Wow. Great paper recommendation. Thanks.
Tight or loose: clean or messy
Some learn piano by sitting down and playing; others learn from teachers steeped in Western musical tradition. Each can play any piece of music but the traditional learner can communicate more precisely about the music with his/her peers, since he shares a detailed common musical vocabulary.
So also with the continuum of search that ranges from pure relational database search to free text search. If a problem is well understood (has a proven model) then the RDBMS approach will dominate. Otherwise text search allows testing of models which, once they become stable, can be "frozen" in RDBMS implementations. Also RDBMS can "loosen up" via fuzzy, probabilistic or text queries; text search can "tighten up" by implementing relational search based on a given model.
So part of the question is to what degree do we wish to communicate about the models (the meta-data)? And to/with whom (our friend Tom, other people, computers, etc.) do we wish to communicate?
Hiding in this discussion is the old memory vs CPU tradeoff. RDBMS use CPU early to organize the data into memory structures and to minimize CPU required for search; text searchers use CPU late to organize and search the data. Either technique will work; my belief is that they are mathematically equivalent from several perspectives. But should the cost of CPU and memory fall to zero (and this is a certainty), the CPU/memory criteria will not be useful for preferring either RDBMS or text search.
I would argue that the more critical difference is that any human(s) involved would prefer one or the other depending on their interaction with the system, i.e., their ability to construct correct models of the world and that, once a model is shown to be correct, then a relational implementation would be the preferred one.
So for accounting, RDBMS would be preferred, whereas for a criminal investigative system a text search system with intelligence (a hybrid, perhaps fuzzy-relational) would be better, since the underlying models are in flux and not so definite as in the case of the financial system. [Aside: in a crime any object can be used to perform any action. Systems that too tightly define the objects (people, places, things) involved in a crime (or other human activity) will be unable to characterize certain crimes.]
There is growing momentum in the Open Source Java world for RDBMS alternative s like Jisp, JDBMS, and Prevayler. These are all systems that allow objects to be persisted to disk, and in the case of JDBMS and Prevayler in a transactional manner.

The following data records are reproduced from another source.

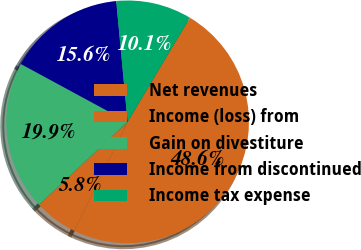<chart> <loc_0><loc_0><loc_500><loc_500><pie_chart><fcel>Net revenues<fcel>Income (loss) from<fcel>Gain on divestiture<fcel>Income from discontinued<fcel>Income tax expense<nl><fcel>48.63%<fcel>5.8%<fcel>19.88%<fcel>15.6%<fcel>10.08%<nl></chart> 
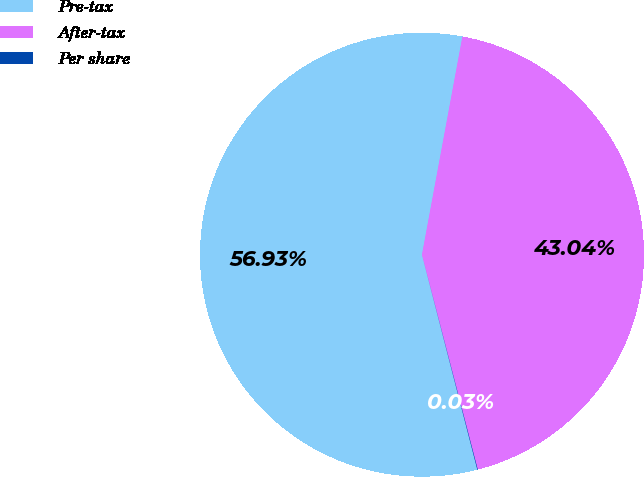<chart> <loc_0><loc_0><loc_500><loc_500><pie_chart><fcel>Pre-tax<fcel>After-tax<fcel>Per share<nl><fcel>56.93%<fcel>43.04%<fcel>0.03%<nl></chart> 
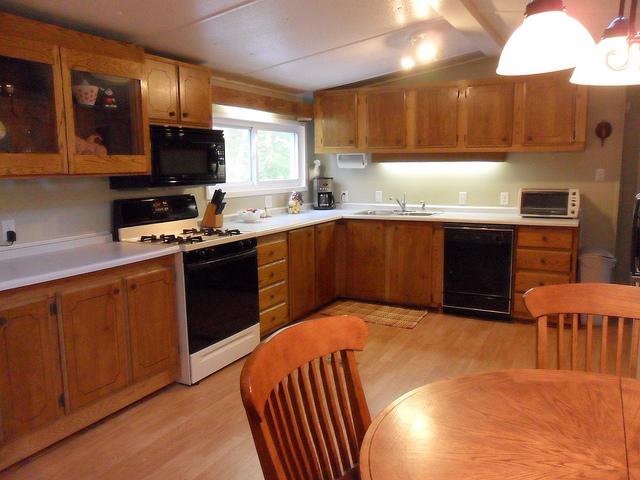Is dinner cooking on the stove?
Concise answer only. No. What material is the floor made from?
Answer briefly. Wood. How many chairs are there?
Write a very short answer. 2. 
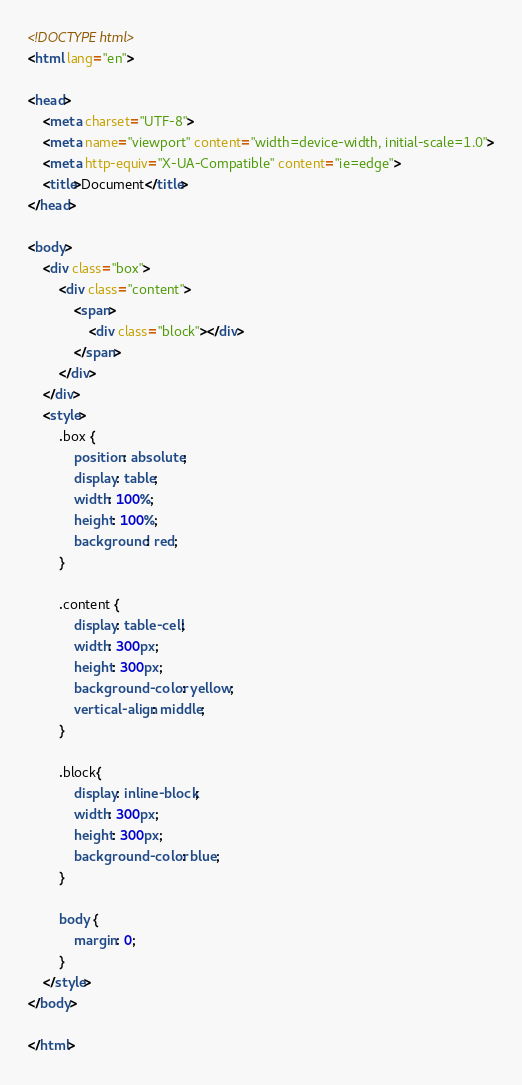Convert code to text. <code><loc_0><loc_0><loc_500><loc_500><_HTML_><!DOCTYPE html>
<html lang="en">

<head>
    <meta charset="UTF-8">
    <meta name="viewport" content="width=device-width, initial-scale=1.0">
    <meta http-equiv="X-UA-Compatible" content="ie=edge">
    <title>Document</title>
</head>

<body>
    <div class="box">
        <div class="content">
            <span>
                <div class="block"></div>
            </span>
        </div>
    </div>
    <style>
        .box {
            position: absolute;
            display: table;
            width: 100%;
            height: 100%;
            background: red;
        }

        .content {
            display: table-cell;
            width: 300px;
            height: 300px;
            background-color: yellow;
            vertical-align: middle;
        }

        .block{
            display: inline-block;
            width: 300px;
            height: 300px;
            background-color: blue;
        }

        body {
            margin: 0;
        }
    </style>
</body>

</html></code> 
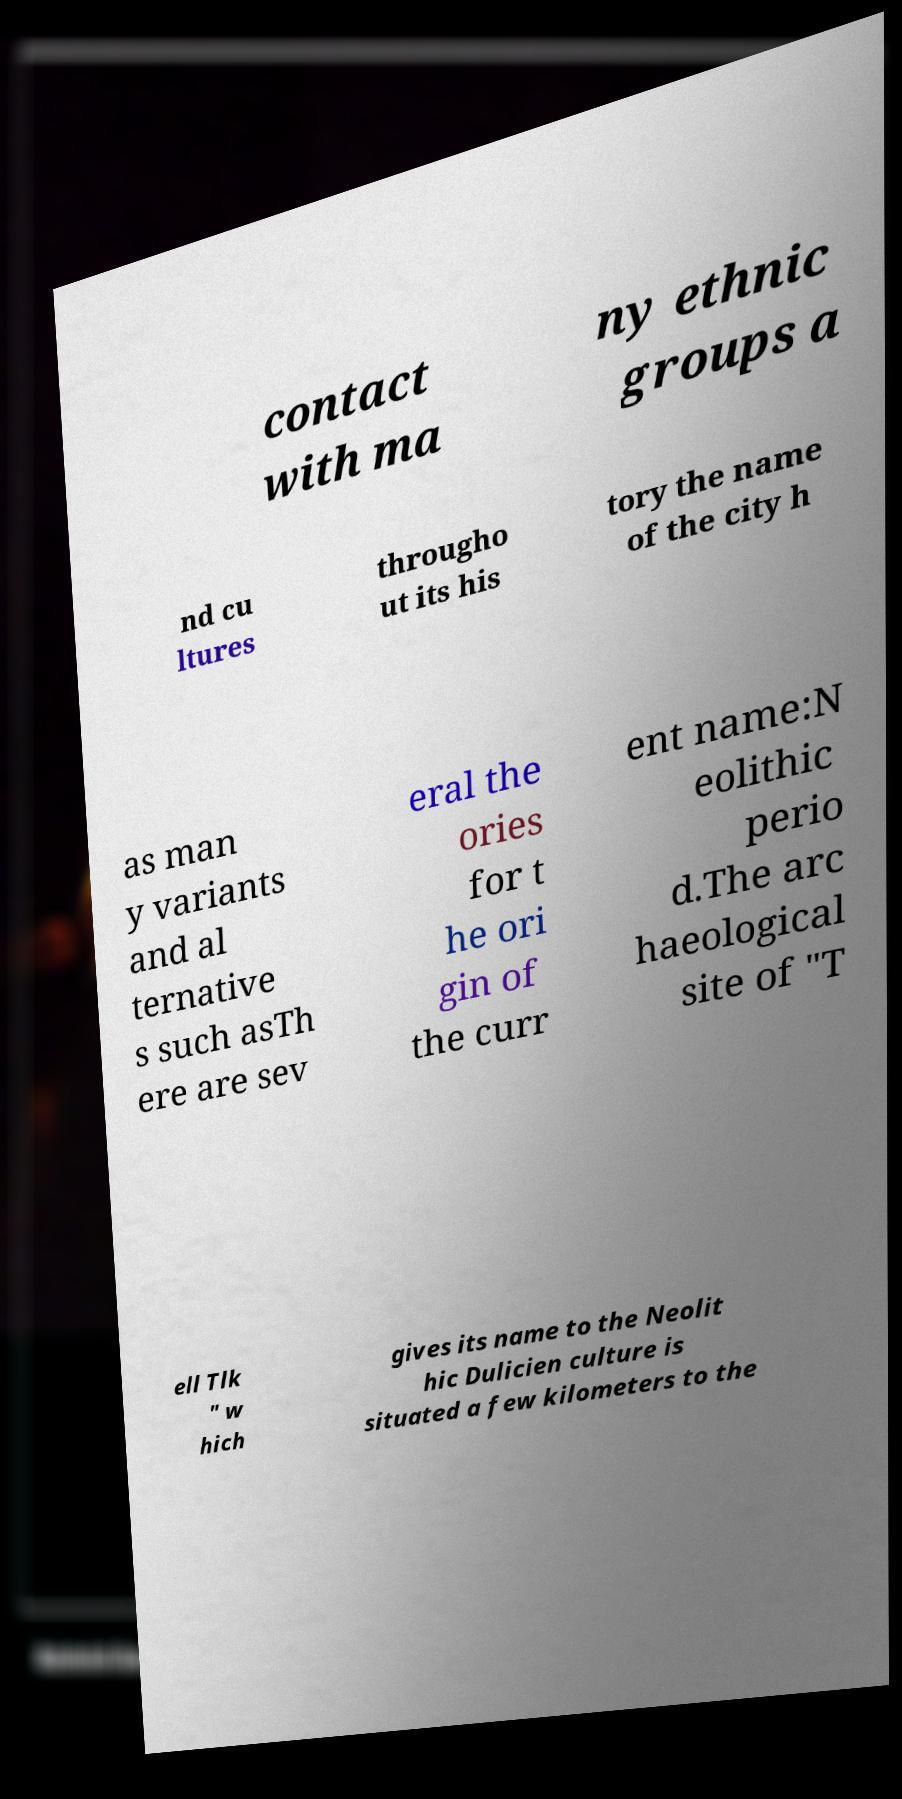Could you extract and type out the text from this image? contact with ma ny ethnic groups a nd cu ltures througho ut its his tory the name of the city h as man y variants and al ternative s such asTh ere are sev eral the ories for t he ori gin of the curr ent name:N eolithic perio d.The arc haeological site of "T ell Tlk " w hich gives its name to the Neolit hic Dulicien culture is situated a few kilometers to the

The beauty of these systems is that they are extremely light-weight (talking kbs for the enitre package) and have pretty impressive performance.
I know that my first instinct when designing a new application is to start designing the database - I seem to simply presume that this is how it will be built. Perhaps in many cases (outside the enterprise, in particular) moving to alternative technlogies has benefits.
Wither the Relational Database?
Wm Grosso's observation that '...fields in structured data are often disjoint sets...' does not, so far as I know, match up to any references on database design, but a similar notion does have a role in the literature of data warehousing. A 'fact table' (or 'event table' as I named it years ago) has by design a very few, and in some cases just one, fact columns. The other columns identify the dimensions of the fact. This database structure gives a database architect the option to limit the domain of an fact column to values selected from disjoint sets. So although at fact column may contain author name, publication date, and other attributes, only the rows of price type would contain a dollar value that would match $19.95, or perhaps range between $0.0 and $19.99. A query that selects all rows with a fact column value in a specific range would then yield the identifiers of the books that have prices in that range.